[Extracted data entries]
######

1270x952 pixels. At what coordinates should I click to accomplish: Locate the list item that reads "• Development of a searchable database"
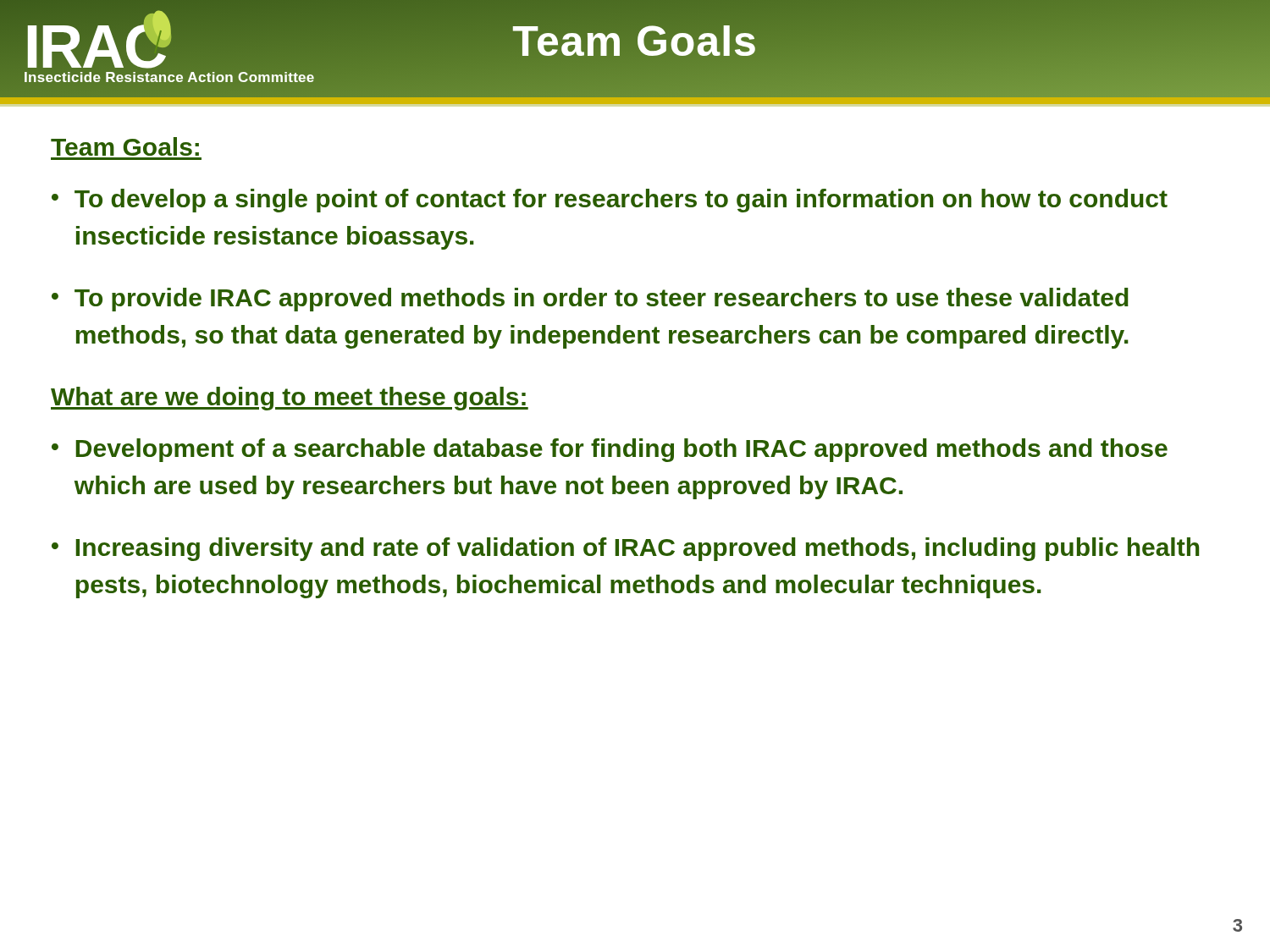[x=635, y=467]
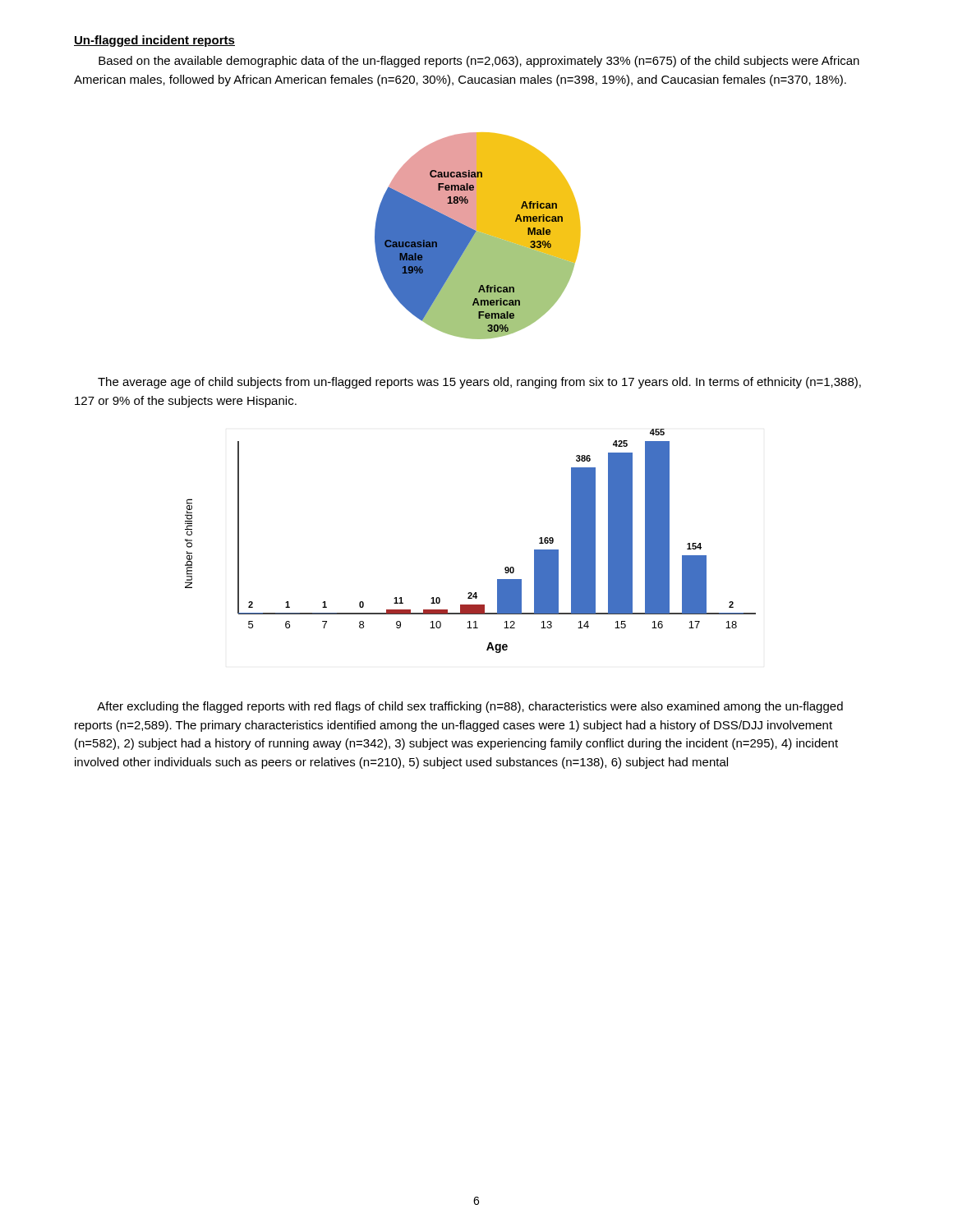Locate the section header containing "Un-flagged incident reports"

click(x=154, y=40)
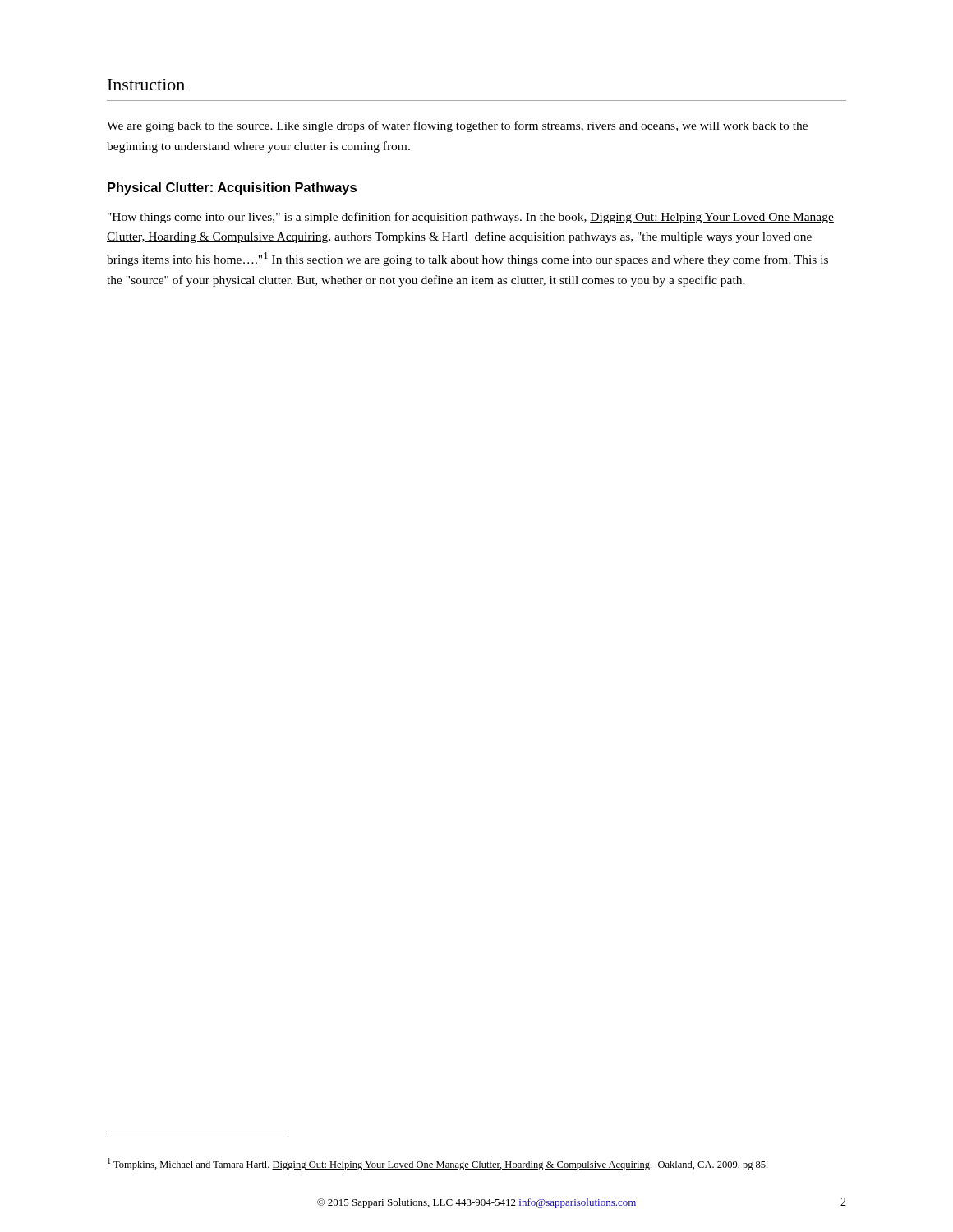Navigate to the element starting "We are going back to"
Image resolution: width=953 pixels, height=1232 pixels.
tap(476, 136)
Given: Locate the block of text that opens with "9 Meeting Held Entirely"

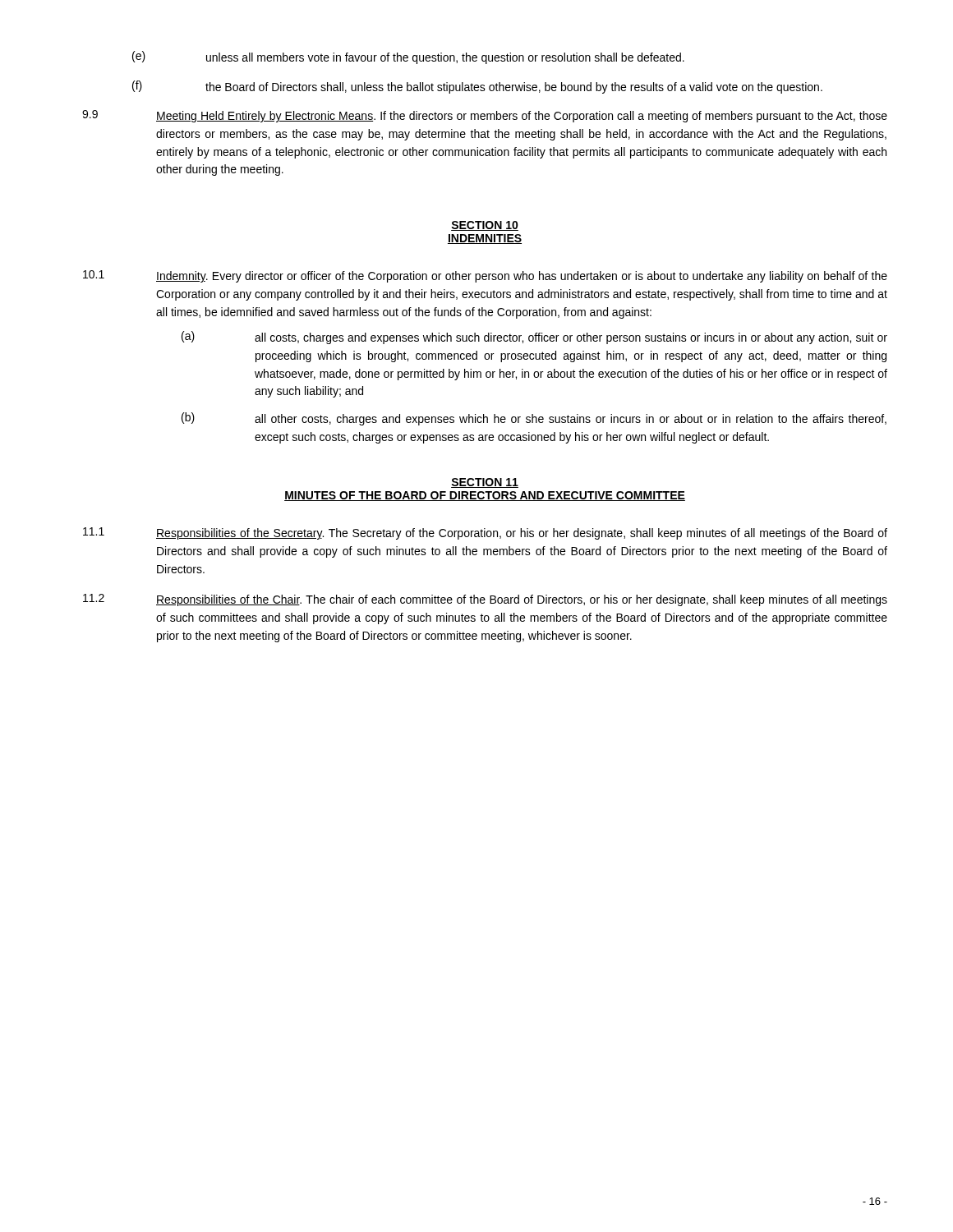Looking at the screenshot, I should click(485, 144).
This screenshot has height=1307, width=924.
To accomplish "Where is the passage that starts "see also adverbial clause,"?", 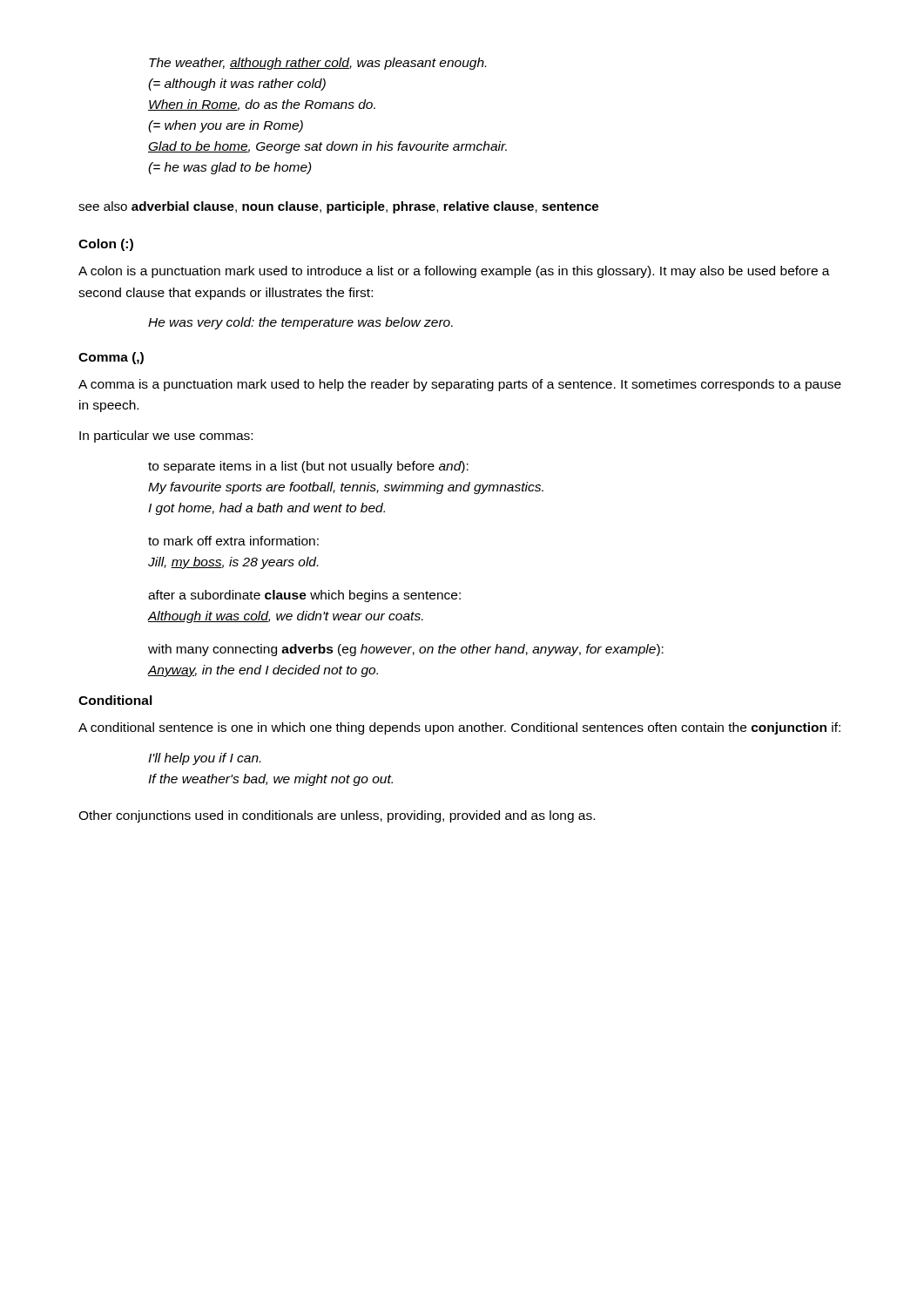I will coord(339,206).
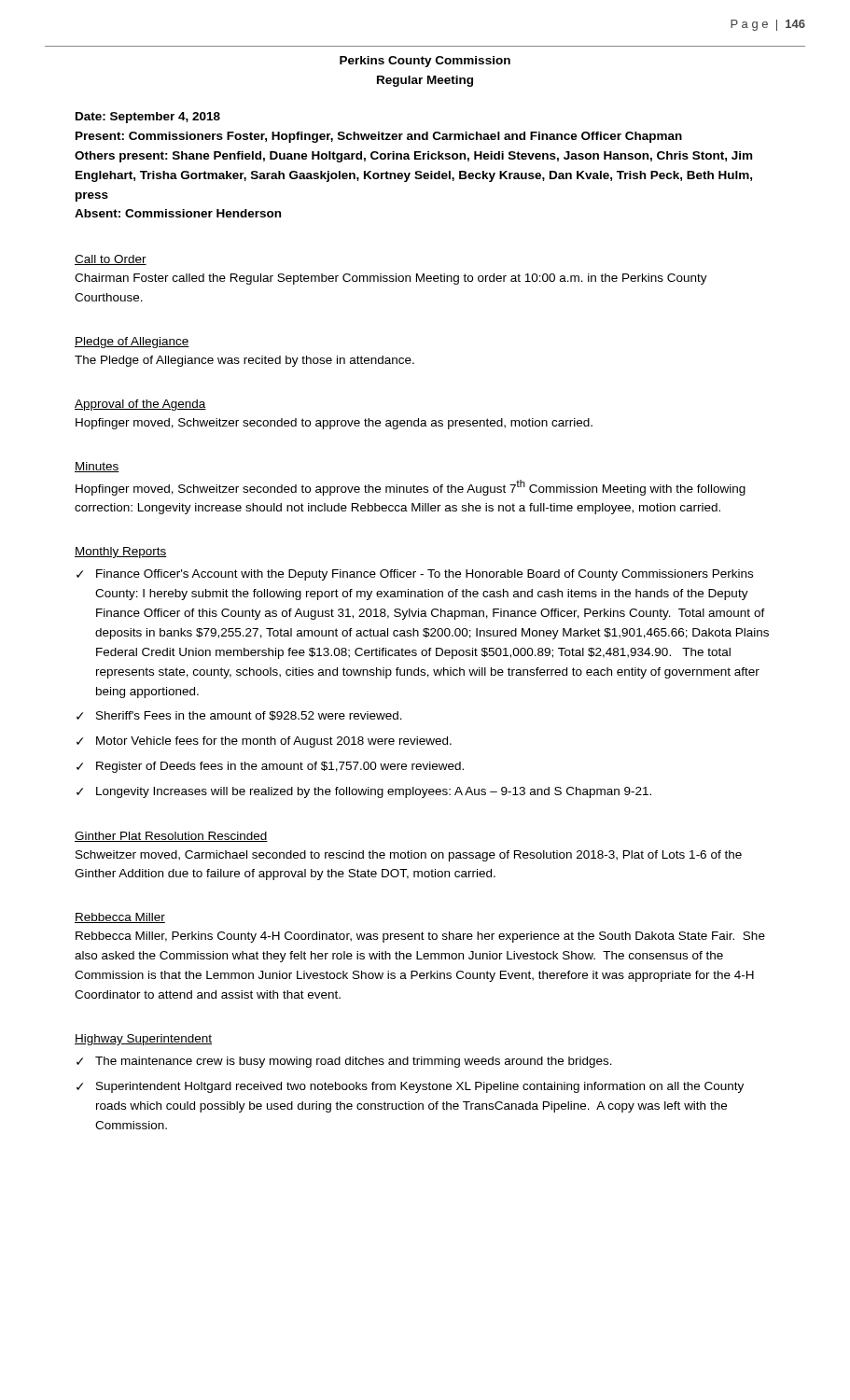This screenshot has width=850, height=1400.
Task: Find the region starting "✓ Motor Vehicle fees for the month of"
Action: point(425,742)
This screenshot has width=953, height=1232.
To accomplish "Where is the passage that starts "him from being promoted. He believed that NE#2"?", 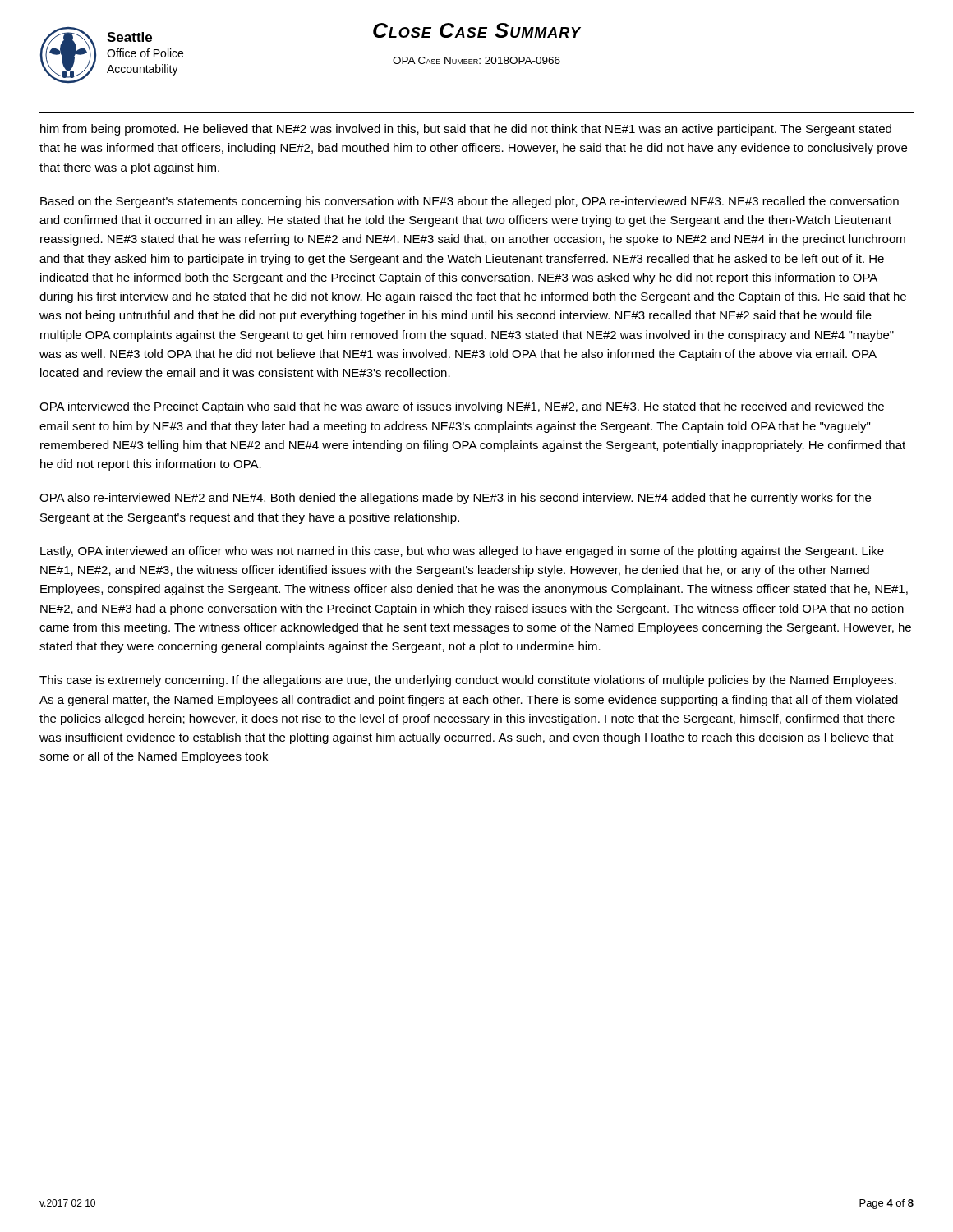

######

Your goal
Reproduce exactly the lines of the entries above from the first through the line with "This screenshot has height=1307, width=924.", both included; pictures should not be reproduced.

Completed task
1270x952 pixels. At what coordinates should I click to accomplish: Locate the list item that reads "• Development of a searchable database"
[x=635, y=467]
Locate the section header containing "Un-flagged incident reports"

click(x=154, y=40)
Navigate to the element starting "We are going back to"
Image resolution: width=953 pixels, height=1232 pixels.
tap(476, 136)
Given: Locate the block of text that opens with "9 Meeting Held Entirely"

Looking at the screenshot, I should click(485, 144).
This screenshot has height=1307, width=924.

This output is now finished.